From the lockdump, it became clear that the process granted all locks was:

root      3988    35  0.0  0.0      0     0 worker_thread     S<     Apr 30 00:00:00 glock_workqueue


Version-Release number of selected component (if applicable):


How reproducible:

Not every time, it is unpredictable, the application is not available for testing.

Steps to Reproduce:
1.have 3 nodes writting to the same GFS2 directory
2.run the app for a number of hours
3.watch the processes go 'D'
  
Actual results:

processes go into 'D' state or other types of wait state.

Expected results:

processes do not lockup.

Comment 14 Steve Whitehouse 2009-05-05 14:22:52 UTC
Looks like its probably a missing call back to me - need to investigate further to be certain.

Comment 15 Steve Whitehouse 2009-05-07 11:04:49 UTC
The attached data doesn't include the glock or the dlm lock dumps. That information (just the raw dumps from the debugfs files) is required in order to try and work out what is going on here.

Since the glock is missing from the hangalyser trace, it suggests that gfs2 and the dlm have confused each other, so the dlm dumps are a vital piece of the jigsaw to see what is going on.

Comment 20 Steve Whitehouse 2009-05-08 09:59:08 UTC
Here is the dlm master copy of the lock in question:

Resource f7b672c0 Name (len=24) "       2         18b36cb"  
Master Copy
Granted Queue
0337017d EX Remote:   3 02de000a
Conversion Queue
Waiting Queue
03ea0198 -- (PR)
02330164 -- (PR) Remote:   2 036e0051


This indicates that node 1 should have sent a call back to node 3. On node 3 we have:

G:  s:EX n:2/18b36cb f:y t:EX d:EX/0 l:0 a:0 r:3
 I: n:5103274/25900747 t:4 f:0x00000010

i.e. a glock which claims to have received no callback.

So somewhere along the line, we've lost the call back. The question being why and where? There are two possible causes (a) the dlm never sent a callback or (b) gfs2 ignored it for some reason.

Comment 21 Steve Whitehouse 2009-05-08 10:21:22 UTC
Actually there is also (c) that the message got lost or reordered in the lock_dlm module.

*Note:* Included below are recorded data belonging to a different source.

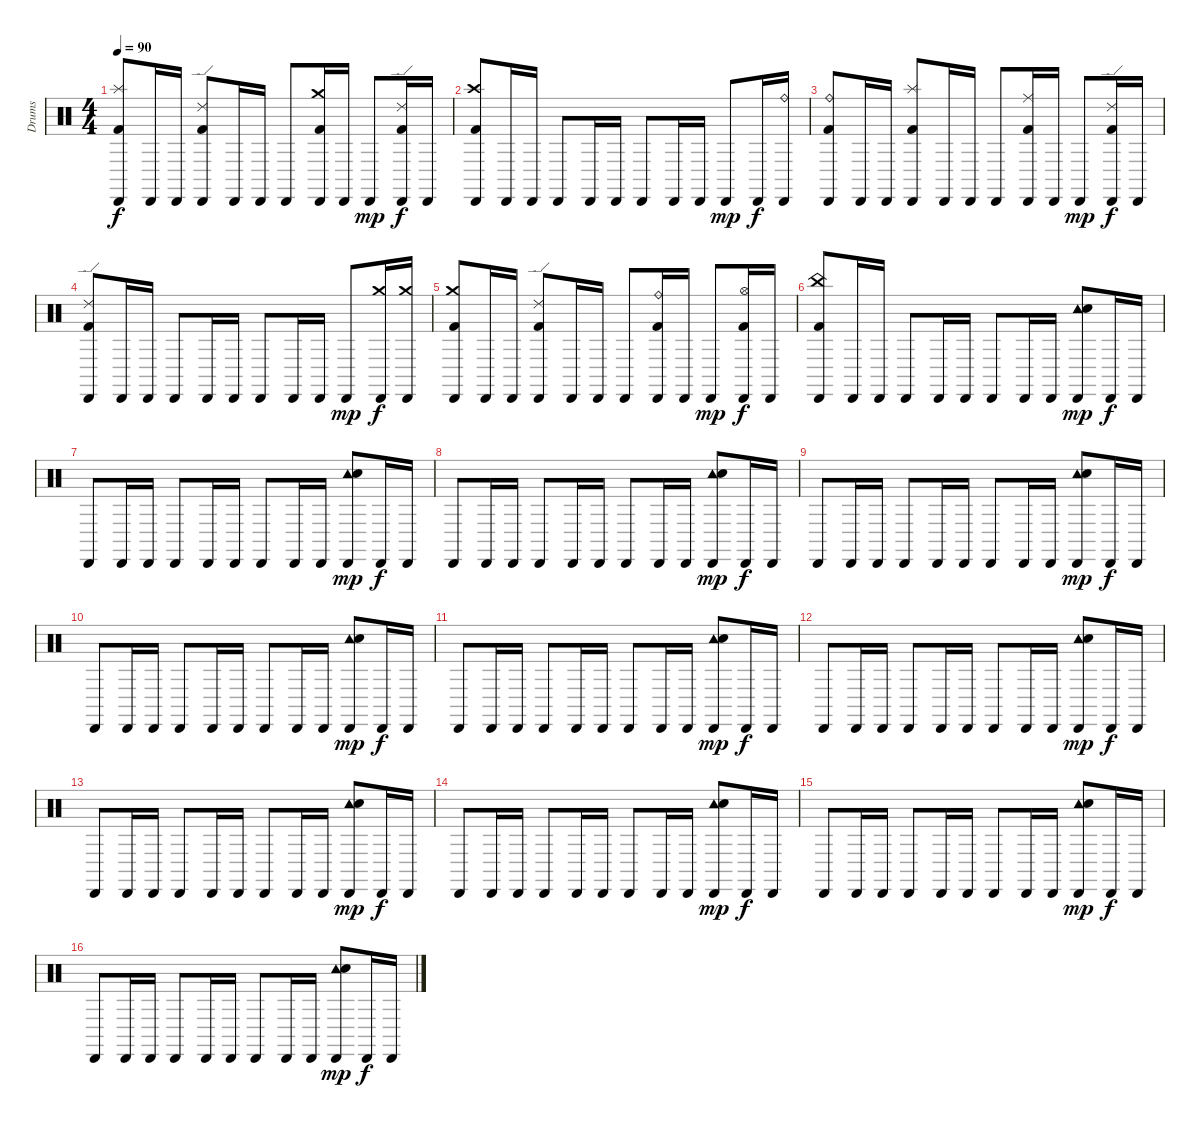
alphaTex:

\track ("Drums" "Drums") {instrument percussion}
\staff {score}
\articulation defaults
\ts (4 4)
\tempo 90
\clef neutral
\ks c
("Splash (hit)" "Cabasa (hit)" "Kick (hit) 2").8{dy f} "Cabasa (hit)".16 "Cabasa (hit)".16 ("Ride (edge) 2" "Cabasa (hit)" "Kick (hit) 2").8 "Cabasa (hit)".16 "Cabasa (hit)".16 "Cabasa (hit)".8 ("Crash medium (hit)" "Cabasa (hit)" "Kick (hit) 2").16 "Cabasa (hit)".16 "Cabasa (hit)".8{dy mp} ("Ride (edge) 2" "Cabasa (hit)" "Kick (hit) 2").16{dy f} "Cabasa (hit)".16 |
("Crash high (hit)" "Cabasa (hit)" "Kick (hit) 2").8 "Cabasa (hit)".16 "Cabasa (hit)".16 "Cabasa (hit)".8 "Cabasa (hit)".16 "Cabasa (hit)".16 "Cabasa (hit)".8 "Cabasa (hit)".16 "Cabasa (hit)".16 "Cabasa (hit)".8{dy mp} "Cabasa (hit)".16{dy f} ("Ride (bell)" "Cabasa (hit)").16 |
("Ride (bell)" "Cabasa (hit)" "Kick (hit) 2").8 "Cabasa (hit)".16 "Cabasa (hit)".16 ("Splash (hit)" "Cabasa (hit)" "Kick (hit) 2").8 "Cabasa (hit)".16 "Cabasa (hit)".16 "Cabasa (hit)".8 ("Ride (middle)" "Cabasa (hit)" "Kick (hit) 2").16 "Cabasa (hit)".16 "Cabasa (hit)".8{dy mp} ("Ride (edge) 2" "Cabasa (hit)" "Kick (hit) 2").16{dy f} "Cabasa (hit)".16 |
("Ride (edge) 2" "Cabasa (hit)" "Kick (hit) 2").8 "Cabasa (hit)".16 "Cabasa (hit)".16 "Cabasa (hit)".8 "Cabasa (hit)".16 "Cabasa (hit)".16 "Cabasa (hit)".8 "Cabasa (hit)".16 "Cabasa (hit)".16 "Cabasa (hit)".8{dy mp} ("Crash medium (hit)" "Cabasa (hit)").16{dy f} ("Crash medium (hit)" "Cabasa (hit)").16 |
("Crash medium (hit)" "Cabasa (hit)" "Kick (hit) 2").8 "Cabasa (hit)".16 "Cabasa (hit)".16 ("Ride (edge) 2" "Cabasa (hit)" "Kick (hit) 2").8 "Cabasa (hit)".16 "Cabasa (hit)".16 "Cabasa (hit)".8 ("Ride (bell)" "Cabasa (hit)" "Kick (hit) 2").16 "Cabasa (hit)".16 "Cabasa (hit)".8{dy mp} ("Hi-Hat (open)" "Cabasa (hit)" "Kick (hit) 2").16{dy f} "Cabasa (hit)".16 |
("China (hit)" "Cabasa (hit)" "Kick (hit) 2").8 "Cabasa (hit)".16 "Cabasa (hit)".16 "Cabasa (hit)".8 "Cabasa (hit)".16 "Cabasa (hit)".16 "Cabasa (hit)".8 "Cabasa (hit)".16 "Cabasa (hit)".16 ("Tambourine (hit)" "Cabasa (hit)" "Electric Snare (hit)").8{dy mp} "Cabasa (hit)".16{dy f} "Cabasa (hit)".16 |
"Cabasa (hit)".8 "Cabasa (hit)".16 "Cabasa (hit)".16 "Cabasa (hit)".8 "Cabasa (hit)".16 "Cabasa (hit)".16 "Cabasa (hit)".8 "Cabasa (hit)".16 "Cabasa (hit)".16 ("Tambourine (hit)" "Cabasa (hit)" "Electric Snare (hit)").8{dy mp} "Cabasa (hit)".16{dy f} "Cabasa (hit)".16 |
"Cabasa (hit)".8 "Cabasa (hit)".16 "Cabasa (hit)".16 "Cabasa (hit)".8 "Cabasa (hit)".16 "Cabasa (hit)".16 "Cabasa (hit)".8 "Cabasa (hit)".16 "Cabasa (hit)".16 ("Tambourine (hit)" "Cabasa (hit)" "Electric Snare (hit)").8{dy mp} "Cabasa (hit)".16{dy f} "Cabasa (hit)".16 |
"Cabasa (hit)".8 "Cabasa (hit)".16 "Cabasa (hit)".16 "Cabasa (hit)".8 "Cabasa (hit)".16 "Cabasa (hit)".16 "Cabasa (hit)".8 "Cabasa (hit)".16 "Cabasa (hit)".16 ("Tambourine (hit)" "Cabasa (hit)" "Electric Snare (hit)").8{dy mp} "Cabasa (hit)".16{dy f} "Cabasa (hit)".16 |
"Cabasa (hit)".8 "Cabasa (hit)".16 "Cabasa (hit)".16 "Cabasa (hit)".8 "Cabasa (hit)".16 "Cabasa (hit)".16 "Cabasa (hit)".8 "Cabasa (hit)".16 "Cabasa (hit)".16 ("Tambourine (hit)" "Cabasa (hit)" "Electric Snare (hit)").8{dy mp} "Cabasa (hit)".16{dy f} "Cabasa (hit)".16 |
"Cabasa (hit)".8 "Cabasa (hit)".16 "Cabasa (hit)".16 "Cabasa (hit)".8 "Cabasa (hit)".16 "Cabasa (hit)".16 "Cabasa (hit)".8 "Cabasa (hit)".16 "Cabasa (hit)".16 ("Tambourine (hit)" "Cabasa (hit)" "Electric Snare (hit)").8{dy mp} "Cabasa (hit)".16{dy f} "Cabasa (hit)".16 |
"Cabasa (hit)".8 "Cabasa (hit)".16 "Cabasa (hit)".16 "Cabasa (hit)".8 "Cabasa (hit)".16 "Cabasa (hit)".16 "Cabasa (hit)".8 "Cabasa (hit)".16 "Cabasa (hit)".16 ("Tambourine (hit)" "Cabasa (hit)" "Electric Snare (hit)").8{dy mp} "Cabasa (hit)".16{dy f} "Cabasa (hit)".16 |
"Cabasa (hit)".8 "Cabasa (hit)".16 "Cabasa (hit)".16 "Cabasa (hit)".8 "Cabasa (hit)".16 "Cabasa (hit)".16 "Cabasa (hit)".8 "Cabasa (hit)".16 "Cabasa (hit)".16 ("Tambourine (hit)" "Cabasa (hit)" "Electric Snare (hit)").8{dy mp} "Cabasa (hit)".16{dy f} "Cabasa (hit)".16 |
"Cabasa (hit)".8 "Cabasa (hit)".16 "Cabasa (hit)".16 "Cabasa (hit)".8 "Cabasa (hit)".16 "Cabasa (hit)".16 "Cabasa (hit)".8 "Cabasa (hit)".16 "Cabasa (hit)".16 ("Tambourine (hit)" "Cabasa (hit)" "Electric Snare (hit)").8{dy mp} "Cabasa (hit)".16{dy f} "Cabasa (hit)".16 |
"Cabasa (hit)".8 "Cabasa (hit)".16 "Cabasa (hit)".16 "Cabasa (hit)".8 "Cabasa (hit)".16 "Cabasa (hit)".16 "Cabasa (hit)".8 "Cabasa (hit)".16 "Cabasa (hit)".16 ("Tambourine (hit)" "Cabasa (hit)" "Electric Snare (hit)").8{dy mp} "Cabasa (hit)".16{dy f} "Cabasa (hit)".16 |
"Cabasa (hit)".8 "Cabasa (hit)".16 "Cabasa (hit)".16 "Cabasa (hit)".8 "Cabasa (hit)".16 "Cabasa (hit)".16 "Cabasa (hit)".8 "Cabasa (hit)".16 "Cabasa (hit)".16 ("Tambourine (hit)" "Cabasa (hit)" "Electric Snare (hit)").8{dy mp} "Cabasa (hit)".16{dy f} "Cabasa (hit)".16

Comment 22 Steve Whitehouse 2009-05-08 10:31:10 UTC
What I'm going to suggest at this stage is that if its possible to reproduce without too much difficulty, that you should collect tcpdumps of the dlm traffic at each node.

In the end, we are only interested in the last few dlm packets which relate to the lock in question (which is the directory inode lock) on the node where the lock is being cached (i.e. node 3 in the above traces). You'll have to capture all the traffic on all the nodes though to be sure to catch it though. I'd suggest setting the snaplen to 1500 in case it chops off the end of any packets.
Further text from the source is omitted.